Rose and his colleagues studied the carrier proteome limit for single cell proteomics and examined the accuracy of the SCoPE-MS approach in a paper published at the end of 2020 (DOI: 10.1038/s41592-020-01002-5). They showed that early single cell proteomics data was very noisy, and while many proteins were identified, that data quality was still quite poor.
The team came up with a method to separate the carrier proteome from the single cell proteomes of interest within the mass space. This allows researchers to sequence the proteomes of interest separately and focus all of the instrument’s attention on the single cell proteomes, not the carrier proteome.
That data analysis originally required collecting the raw data from the mass spec and sending it into the data analysis pipeline. Matching of the spectra outputs to peptide sequences happened offline servers and database searches. Users could view the quantitative data via web interface, and analyzed and shared the data via Spotfire dashboards.
This was bulky and time consuming, so the team looked for a way to take a piece of spectra data off the mass spec and match it to a peptide in real time. “The beauty of this is once we’ve identified a peptide sequence, we could understand or tell the instrument to do something new. We have the ability to send instructions back to the instrument to tell it to perform a different type of analysis,” Rose explained.

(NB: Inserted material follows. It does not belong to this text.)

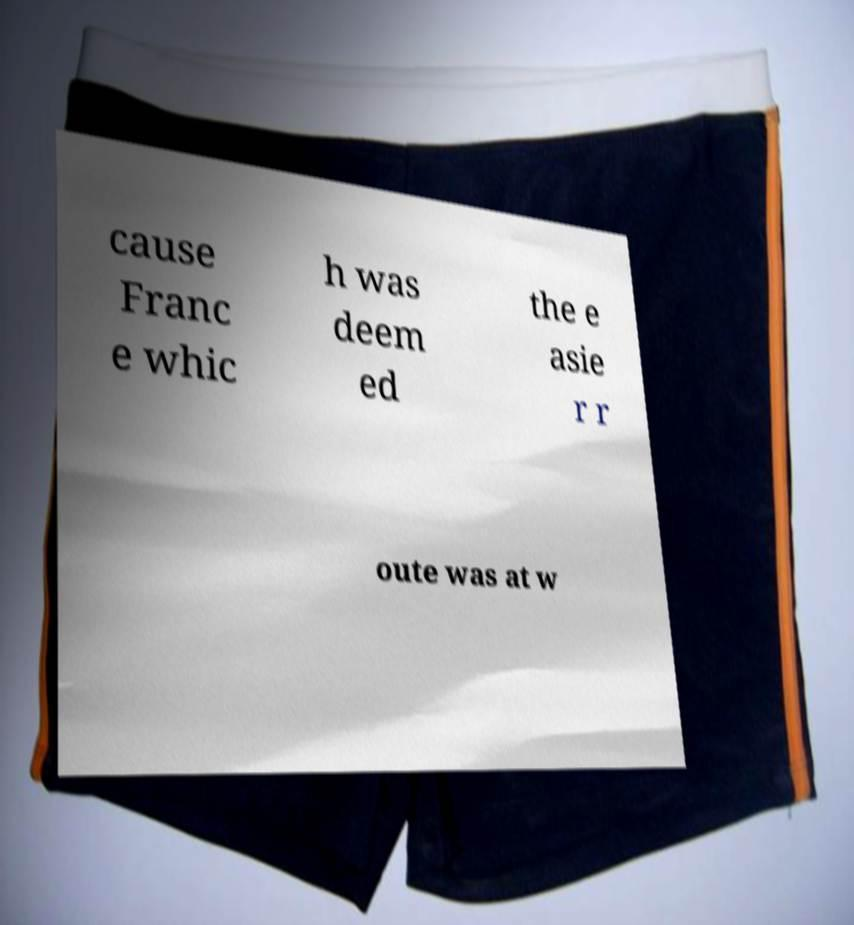I need the written content from this picture converted into text. Can you do that? cause Franc e whic h was deem ed the e asie r r oute was at w 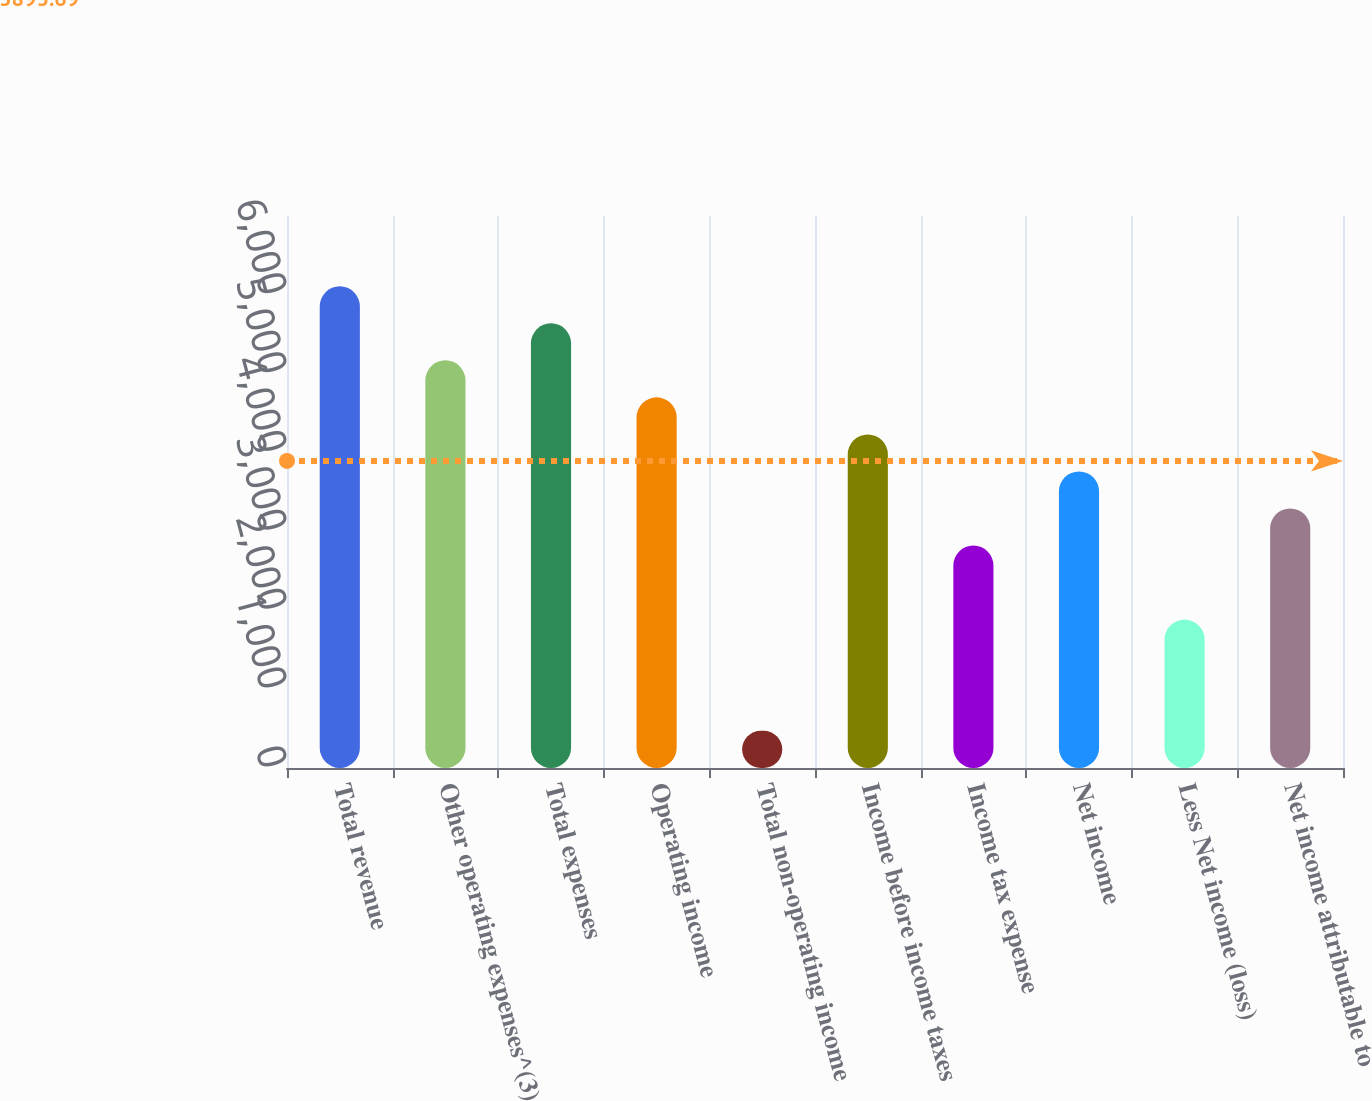<chart> <loc_0><loc_0><loc_500><loc_500><bar_chart><fcel>Total revenue<fcel>Other operating expenses^(3)<fcel>Total expenses<fcel>Operating income<fcel>Total non-operating income<fcel>Income before income taxes<fcel>Income tax expense<fcel>Net income<fcel>Less Net income (loss)<fcel>Net income attributable to<nl><fcel>6109.09<fcel>5169.71<fcel>5639.4<fcel>4700.02<fcel>472.81<fcel>4230.33<fcel>2821.26<fcel>3760.64<fcel>1881.88<fcel>3290.95<nl></chart>

His lab’s version of this workflow—inSeqAPI—mimics the workflow users would see on the instrument and it allows researchers to use fast scans to match spectra to peptides, and save slow, quantification scans for peptides of interest. “By doing that, we can dedicate more of the instrument’s time to these slower, quantification scans,” he said. “This has been a real help in single-cell proteomics, especially when the sample is somewhat limited.”
The inSeqAPI pipeline is very fast, doing real time search matching peptide sequences to the spectra happens in about 5 milliseconds, and yields an increase in signal that is “pretty dramatic,” Rose reported. The strong signal remains even as carrier protein concentrations increase, making it a robust approach as well.
Rose also mentioned improved sample prep with CellenONE and the proteoCHIP system, and outlined next steps for his team’s work. He hopes to apply these techniques to understand single cell response to therapeutics and use those learnings to inform therapeutic development. He also hopes to work to improve proteomics depth further for single cell approaches.